Es gibt aber auch eine andere Realität: Obwohl wir jedes Jahr etwa eine Billionen Euro für soziale Sicherung ausgeben – etwa ein Drittel des Bruttoinlandsprodukts – spüren viele Menschen den Sozialstaat nicht an ihrer Seite. Stattdessen erfahren viele Menschen das Risiko von Armut und sozialer Ausgrenzung. Obwohl wir 200 Milliarden Euro jährlich für Kinder-, Familien- und Eheleistungen aufwenden, sind zwei Millionen Kinder und Jugendliche auf Grundsicherung angewiesen. Obwohl wir mehr als 350 Milliarden Euro für die Alterssicherung aufwenden, reicht eine volle Stelle auf Mindestlohnniveau derzeit nicht aus, um einen Rentenanspruch oberhalb der Sozialhilfe zu erwerben. Und obwohl wir so viel Geld für die soziale Sicherung ausgeben, empfinden viele Menschen den Sozialstaat nicht als Unterstützung, sondern als Hindernislauf.
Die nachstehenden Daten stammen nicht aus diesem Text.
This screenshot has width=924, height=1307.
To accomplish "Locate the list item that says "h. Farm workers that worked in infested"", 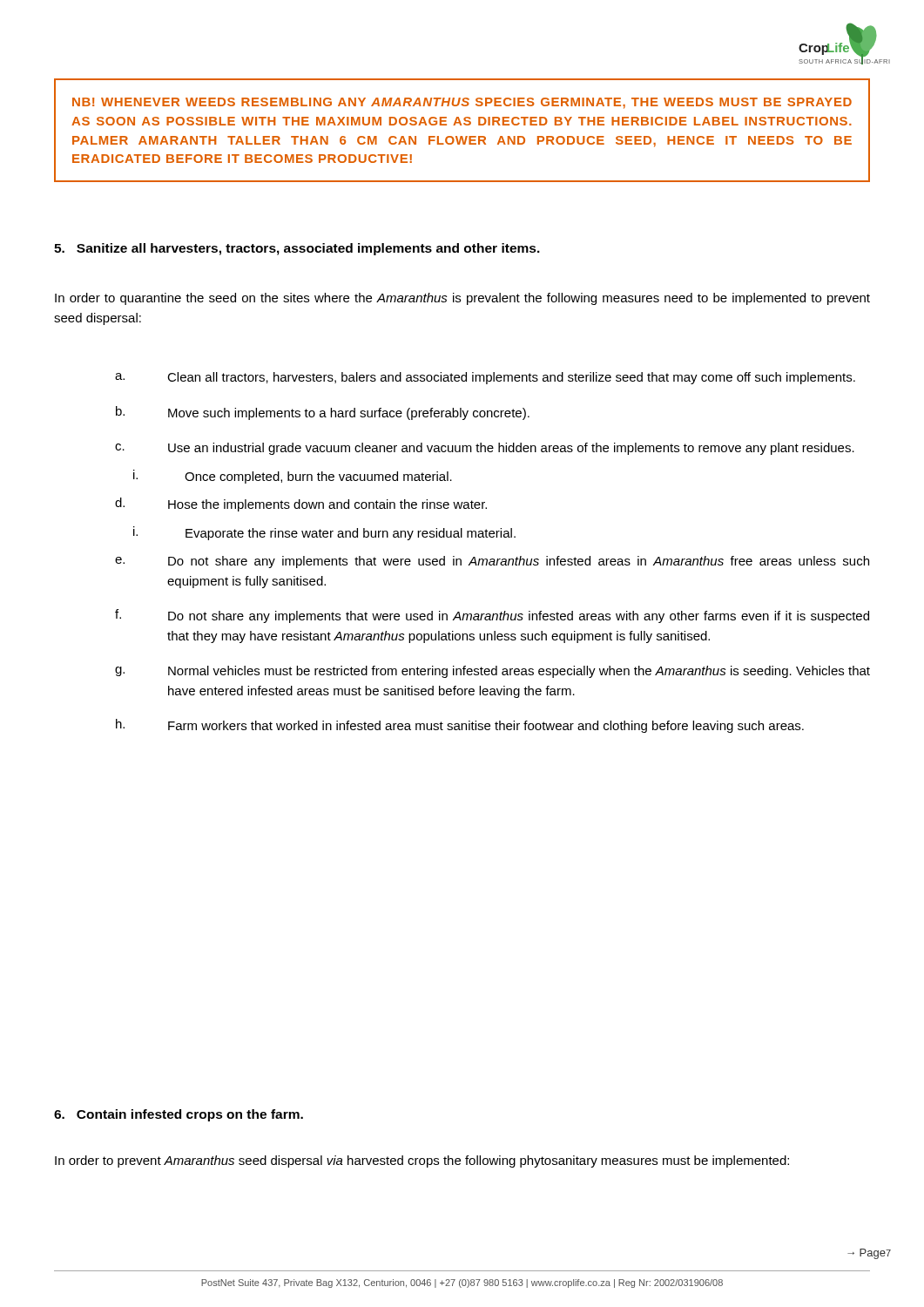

Viele haben Schwierigkeiten, ihre Leistungsansprüche zu erkennen und geltend zu machen. Soziale Rechte werden oft nicht mehr als Fortschritt wahrgenommen, weil die Inanspruchnahme durch unverständliche Bescheide, unklare Zuständigkeiten und fehlende Ansprechpartner verstellt wird. Die Erfahrung von Hilfebedürftigen im Hartz-IV-System ist geprägt von einer anonymen Bürokratie und der permanenten Drohung mit Sanktionen. Es sind oft gar nicht die Leistungen selbst, die für Verdruss sorgen, sondern die erfahrenen Demütigungen und Stigmatisierungen.

Wenn das Vertrauen in den Sozialstaat verloren geht, ist das eine große Gefahr für die Demokratie. Es ist daher einmal mehr an der Zeit, unseren über Jahrzehnte gewachsenen Sozialstaat entlang der aktuellen Erfordernisse sozialer Sicherung neu auszurichten. Wir müssen diese Reform aus der Perspektive derer machen, die den Sozialstaat brauchen, nicht aus der Perspektive derer, die ihn missbrauchen. Dies geht nicht durch viele kleine Reformen, sondern nur im Rahmen einer großen und zusammenhängenden Sozialstaatsreform. Mit Mittelpunkt müssen die Bürgerinnen und Bürger stehen – ihre Rechte und ihre Bedürfnisse. Es ist ein Sozialstaat der Bürgerinnen und Bürger für die Bürgerinnen und Bürger.

Ein wesentlicher Teil einer großen Sozialstaatsreform ist die Reform des Hartz-IV-Systems. Folgende Gedanken sollten uns bei der Neukonzeption der Grundsicherung leiten: Wir müssen verhindern, dass überhaupt so viele Menschen wie heute auf Grundsicherung angewiesen sind. Arbeitnehmer mit geringen Einkommen müssen mehr netto in der Tasche haben um den Abstand zur Grundsicherung zu vergrößern. Dazu beitragen können Zuschüsse zu den Sozialversicherungsbeiträgen der Arbeitnehmer, Steuergutschriften für Erwerbstätige und ein weiter steigender Mindestlohn.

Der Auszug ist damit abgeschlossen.